### Exercise objective
For the material that follows, list every line containing the word "high".

### Dataset extract
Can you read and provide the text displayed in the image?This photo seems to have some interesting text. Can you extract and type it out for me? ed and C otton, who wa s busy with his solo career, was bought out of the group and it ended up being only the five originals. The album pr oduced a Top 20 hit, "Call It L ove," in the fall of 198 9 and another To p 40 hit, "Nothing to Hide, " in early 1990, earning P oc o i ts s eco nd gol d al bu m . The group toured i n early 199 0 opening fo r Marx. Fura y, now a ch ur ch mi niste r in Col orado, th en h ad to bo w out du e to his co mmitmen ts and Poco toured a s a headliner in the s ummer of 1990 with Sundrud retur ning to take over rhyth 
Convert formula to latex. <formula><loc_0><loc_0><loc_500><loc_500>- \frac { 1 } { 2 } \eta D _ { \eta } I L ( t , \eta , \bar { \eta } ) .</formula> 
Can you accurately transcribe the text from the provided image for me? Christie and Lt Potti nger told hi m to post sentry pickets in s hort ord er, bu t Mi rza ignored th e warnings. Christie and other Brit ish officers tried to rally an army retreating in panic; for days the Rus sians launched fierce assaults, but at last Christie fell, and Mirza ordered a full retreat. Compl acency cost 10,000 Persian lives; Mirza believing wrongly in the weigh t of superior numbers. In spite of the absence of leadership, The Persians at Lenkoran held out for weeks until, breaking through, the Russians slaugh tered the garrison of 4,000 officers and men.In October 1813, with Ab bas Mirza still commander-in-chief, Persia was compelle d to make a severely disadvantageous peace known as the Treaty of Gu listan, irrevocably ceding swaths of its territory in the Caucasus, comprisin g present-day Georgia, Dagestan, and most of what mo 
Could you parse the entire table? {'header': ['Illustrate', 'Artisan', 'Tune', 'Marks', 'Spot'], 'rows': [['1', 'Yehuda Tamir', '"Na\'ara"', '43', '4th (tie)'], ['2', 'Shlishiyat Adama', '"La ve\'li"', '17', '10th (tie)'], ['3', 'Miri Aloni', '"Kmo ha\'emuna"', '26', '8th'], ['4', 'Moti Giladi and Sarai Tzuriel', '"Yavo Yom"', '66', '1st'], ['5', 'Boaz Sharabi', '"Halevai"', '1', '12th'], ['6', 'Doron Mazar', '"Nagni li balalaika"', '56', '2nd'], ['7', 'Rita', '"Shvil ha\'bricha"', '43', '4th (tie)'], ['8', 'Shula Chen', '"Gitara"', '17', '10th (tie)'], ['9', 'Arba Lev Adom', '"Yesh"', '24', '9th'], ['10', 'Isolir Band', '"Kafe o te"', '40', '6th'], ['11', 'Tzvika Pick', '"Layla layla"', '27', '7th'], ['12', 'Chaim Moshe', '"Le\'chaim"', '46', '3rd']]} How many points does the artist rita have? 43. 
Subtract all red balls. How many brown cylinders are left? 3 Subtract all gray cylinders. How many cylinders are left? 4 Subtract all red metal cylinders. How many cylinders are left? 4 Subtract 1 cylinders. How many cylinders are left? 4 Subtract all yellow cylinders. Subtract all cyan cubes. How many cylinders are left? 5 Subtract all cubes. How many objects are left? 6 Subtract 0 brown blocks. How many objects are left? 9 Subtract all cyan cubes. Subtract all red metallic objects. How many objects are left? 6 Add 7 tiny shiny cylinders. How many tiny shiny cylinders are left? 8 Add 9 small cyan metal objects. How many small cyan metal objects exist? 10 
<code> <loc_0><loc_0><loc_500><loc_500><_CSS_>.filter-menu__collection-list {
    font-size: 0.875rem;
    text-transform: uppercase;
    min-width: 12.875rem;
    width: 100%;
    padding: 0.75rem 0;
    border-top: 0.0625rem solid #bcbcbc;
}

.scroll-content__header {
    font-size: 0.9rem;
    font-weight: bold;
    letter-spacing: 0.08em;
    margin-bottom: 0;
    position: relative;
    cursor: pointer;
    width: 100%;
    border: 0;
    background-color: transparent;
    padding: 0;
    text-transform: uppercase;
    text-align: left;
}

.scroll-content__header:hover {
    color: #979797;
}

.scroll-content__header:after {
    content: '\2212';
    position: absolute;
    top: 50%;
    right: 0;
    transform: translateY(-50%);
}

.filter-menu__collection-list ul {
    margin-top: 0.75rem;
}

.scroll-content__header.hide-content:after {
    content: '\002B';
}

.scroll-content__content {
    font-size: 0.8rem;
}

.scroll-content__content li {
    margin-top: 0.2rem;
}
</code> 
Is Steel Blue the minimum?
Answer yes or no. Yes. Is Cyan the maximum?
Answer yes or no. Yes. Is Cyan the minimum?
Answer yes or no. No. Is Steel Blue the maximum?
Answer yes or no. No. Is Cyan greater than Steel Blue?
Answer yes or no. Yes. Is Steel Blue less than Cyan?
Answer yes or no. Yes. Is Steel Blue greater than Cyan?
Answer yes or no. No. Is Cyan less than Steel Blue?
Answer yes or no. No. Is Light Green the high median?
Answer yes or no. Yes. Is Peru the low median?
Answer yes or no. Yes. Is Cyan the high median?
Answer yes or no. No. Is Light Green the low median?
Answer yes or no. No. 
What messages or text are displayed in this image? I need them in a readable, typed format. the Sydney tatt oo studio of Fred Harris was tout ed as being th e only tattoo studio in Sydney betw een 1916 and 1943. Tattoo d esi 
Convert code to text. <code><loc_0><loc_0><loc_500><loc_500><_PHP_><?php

### Your solution
Answer yes or no. No. Is Light Green the high median?
Answer yes or no. Yes. Is Cyan the high median?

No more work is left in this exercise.